Calcium ion (Ca2+) is a universal second messenger involved in regulating diverse processes in animals, plants, and fungi. The low-affinity calcium uptake system (LACS) participates in acquiring Ca2+ from extracellular environments under high extracellular Ca2+ concentration. Unlike most fungi, which encode only one protein (FIG1) for LACS, nematode-trapping fungi (NTF) encode two related proteins. AoFIG_2, the NTF-specific LACS component encoded by adhesive network-trap forming Arthrobotrys oligospora, was shown to be required for conidiation and trap formation.
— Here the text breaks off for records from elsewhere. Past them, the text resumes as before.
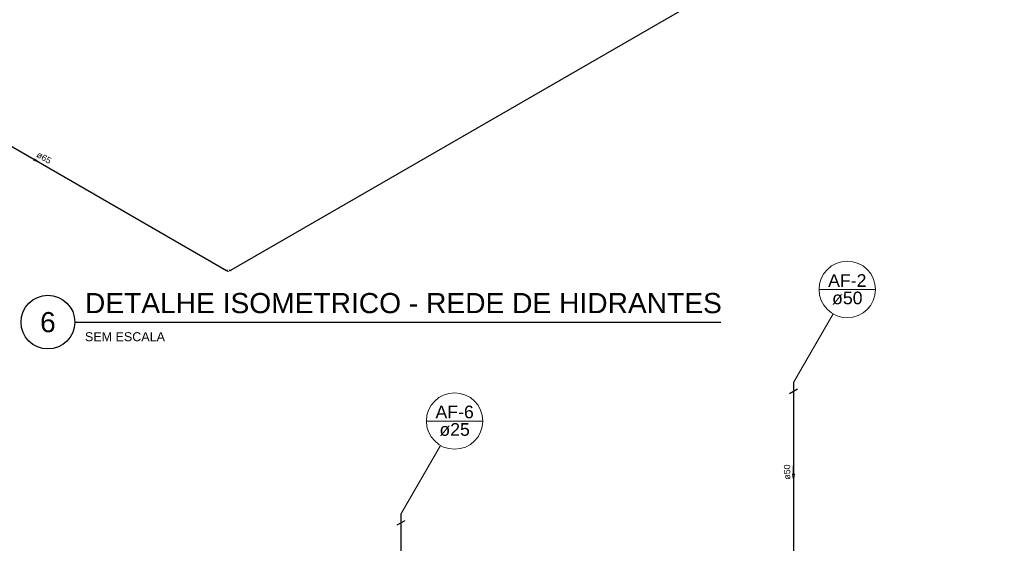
# Model space of a CAD drawing. Header units: millimetres. Extents: x 0 to 354, y 0 to 59.
# Tile 50 of 84: x 203 to 225, y 17 to 29. Entities that reach past the tile are written whole.
import ezdxf
from ezdxf.enums import TextEntityAlignment as Align

# ---------------------------------------------------------------- set-up
doc = ezdxf.new("R2010")
doc.units = ezdxf.units.MM
for name, color, linetype, lineweight in [('AF-Colunas', 152, 'Continuous', 30), ('AF-Indicação coluna', 2, 'Continuous', 20), ('AF-Sentido tubo', 152, 'Continuous', 20), ('AF-Textos coluna', 2, 'Continuous', 20), ('AF-Textos tubo', 1, 'Continuous', 20), ('AF-Tubos detalhe', 152, 'Continuous', 30), ('HI-Conexões', 14, 'Continuous', 20), ('HI-Sentido tubo', 14, 'Continuous', 20), ('HI-Textos tubo', 1, 'Continuous', 20), ('HI-Tubos', 14, 'Continuous', 30)]:
    doc.layers.add(name, color=color, linetype=linetype, lineweight=lineweight)
doc.styles.add('Arial', font='arial.ttf')
doc.styles.get("Standard").update_dxf_attribs({"font": 'arial.ttf'})
doc.dimstyles.get("Standard").update_dxf_attribs({"dimtxt": 0.18, "dimasz": 0.18, "dimexe": 0.18, "dimexo": 0.0625, "dimgap": 0.09, "dimtad": 0, "dimtih": 1, "dimtoh": 1, "dimdec": 4, "dimzin": 0, "dimdsep": 46, "dimtxsty": 'Standard', "dimcen": 0.09, "dimadec": 0, "dimazin": 0, "dimtfac": 1, "dimtdec": 4, "dimtofl": 0, "dimtmove": 0, "dimatfit": 3, "dimfxl": 1, "dimtolj": 1, "dimtzin": 0, "dimarcsym": 0})

msp = doc.modelspace()

# ---------------------------------------------------------------- linework, layer by layer
at = {"color": 2}
msp.add_line((204.3998, 22.2781), (218.8198, 22.2781), dxfattribs=at)
msp.add_circle((203.7998, 22.2781), 0.6, dxfattribs=at)
at = {"layer": 'AF-Colunas', "linetype": 'Continuous'}
for p, q in [((220.4415, 20.9303), (220.4415, 20.7303)), ((220.5275, 20.7803), (220.3545, 20.6803)), ((211.7635, 17.8423), (211.5905, 17.7423)), ((211.6775, 17.9923), (211.6775, 17.7923))]:
    msp.add_line(p, q, dxfattribs=at)
at = {"layer": 'AF-Indicação coluna'}
for p, q in [((221.0115, 23.0087), (222.2715, 23.0087)), ((220.4415, 20.9303), (221.3265, 22.4631)), ((212.2475, 20.0703), (213.5075, 20.0703)), ((211.6775, 17.9923), (212.5625, 19.5253))]:
    msp.add_line(p, q, dxfattribs=at)
for centre in [(221.6415, 23.0087), (212.8775, 20.0703)]:
    msp.add_circle(centre, 0.63, dxfattribs=at)
at = {"layer": 'AF-Tubos detalhe'}
for p, q in [((220.4415, 20.7303), (220.4415, 16.9303)), ((211.6775, 17.7923), (211.6775, 13.9923))]:
    msp.add_line(p, q, dxfattribs=at)
at = {"layer": 'HI-Conexões', "linetype": 'Continuous'}
for p, q in [((207.7615, 23.4199), (207.8048, 23.4449)), ((207.8265, 23.4074), (207.7833, 23.4324)), ((207.8265, 23.4074), (207.8698, 23.4324)), ((207.848, 23.4449), (207.8915, 23.4199))]:
    msp.add_line(p, q, dxfattribs=at)
at = {"layer": 'HI-Tubos'}
for p, q in [((207.8698, 23.4324), (244.1985, 44.4067)), ((199.3135, 28.3222), (207.7833, 23.4324))]:
    msp.add_line(p, q, dxfattribs=at)

# ---------------------------------------------------------------- texts
at = {"color": 6}
msp.add_text('DETALHE ISOMETRICO - REDE DE HIDRANTES', height=0.45, dxfattribs=at).set_placement((204.6268, 22.4781))
msp.add_text('6', height=0.45, dxfattribs=at).set_placement((203.7998, 22.2781), align=Align.MIDDLE)
at = {"color": 2}
msp.add_text('SEM ESCALA', height=0.2, dxfattribs=at).set_placement((204.6268, 21.8524))
at = {"layer": 'AF-Textos coluna', "char_height": 0.2824, "attachment_point": 8, "line_spacing_factor": 0.798, "style": 'Arial'}
for s, insert, width in [('AF-2', (221.6415, 23.0654), 1.690833), ('ø50', (221.6415, 22.6694), 1.344288), ('AF-6', (212.8775, 20.1274), 1.690833), ('ø25', (212.8775, 19.7324), 1.344288)]:
    msp.add_mtext(s, dxfattribs=dict(at, insert=insert, width=width))
at = {"layer": 'AF-Textos tubo', "insert": (220.3709, 18.9303), "char_height": 0.1412, "width": 0.666767, "attachment_point": 8, "rotation": 90.00021, "line_spacing_factor": 0.798, "style": 'Arial'}
msp.add_mtext('ø50', dxfattribs=at)
at = {"layer": 'HI-Textos tubo', "insert": (203.6761, 25.8863), "char_height": 0.1412, "width": 0.50832, "attachment_point": 8, "rotation": 329.99993, "line_spacing_factor": 0.798, "style": 'Arial'}
msp.add_mtext('ø65', dxfattribs=at)

# ---------------------------------------------------------------- leaders
at = {"layer": 'AF-Sentido tubo'}
msp.add_leader([(220.4415, 18.7893), (220.4415, 19.0713)], dimstyle='Standard', override={"dimasz": 0.1, "dimldrblk": 'CLOSED'}, dxfattribs=at)
at = {"layer": 'HI-Sentido tubo'}
msp.add_leader([(203.579, 25.8597), (203.5178, 25.895)], dimstyle='Standard', override={"dimasz": 0.1, "dimldrblk": 'CLOSED'}, dxfattribs=at)

doc.saveas('drawing.dxf')

We characterized the role of DhFIG_2, an AoFIG_2 ortholog encoded by knob-trap forming Dactylellina haptotyla, in growth and development to expand our understanding of the role of LACS in NTF. Because repeated attempts to disrupt DhFIG_2 failed, knocking down the expression of DhFIG_2 via RNA interference (RNAi) was used to study its function. RNAi of DhFIG_2 significantly decreased its expression, severely reduced conidiation and trap formation, and affected vegetative growth and stress responses, suggesting that this component of LACS is crucial for trap formation and conidiation in NTF. Our study demonstrated the utility of RNAi assisted by ATMT for studying gene function in D. haptotyla.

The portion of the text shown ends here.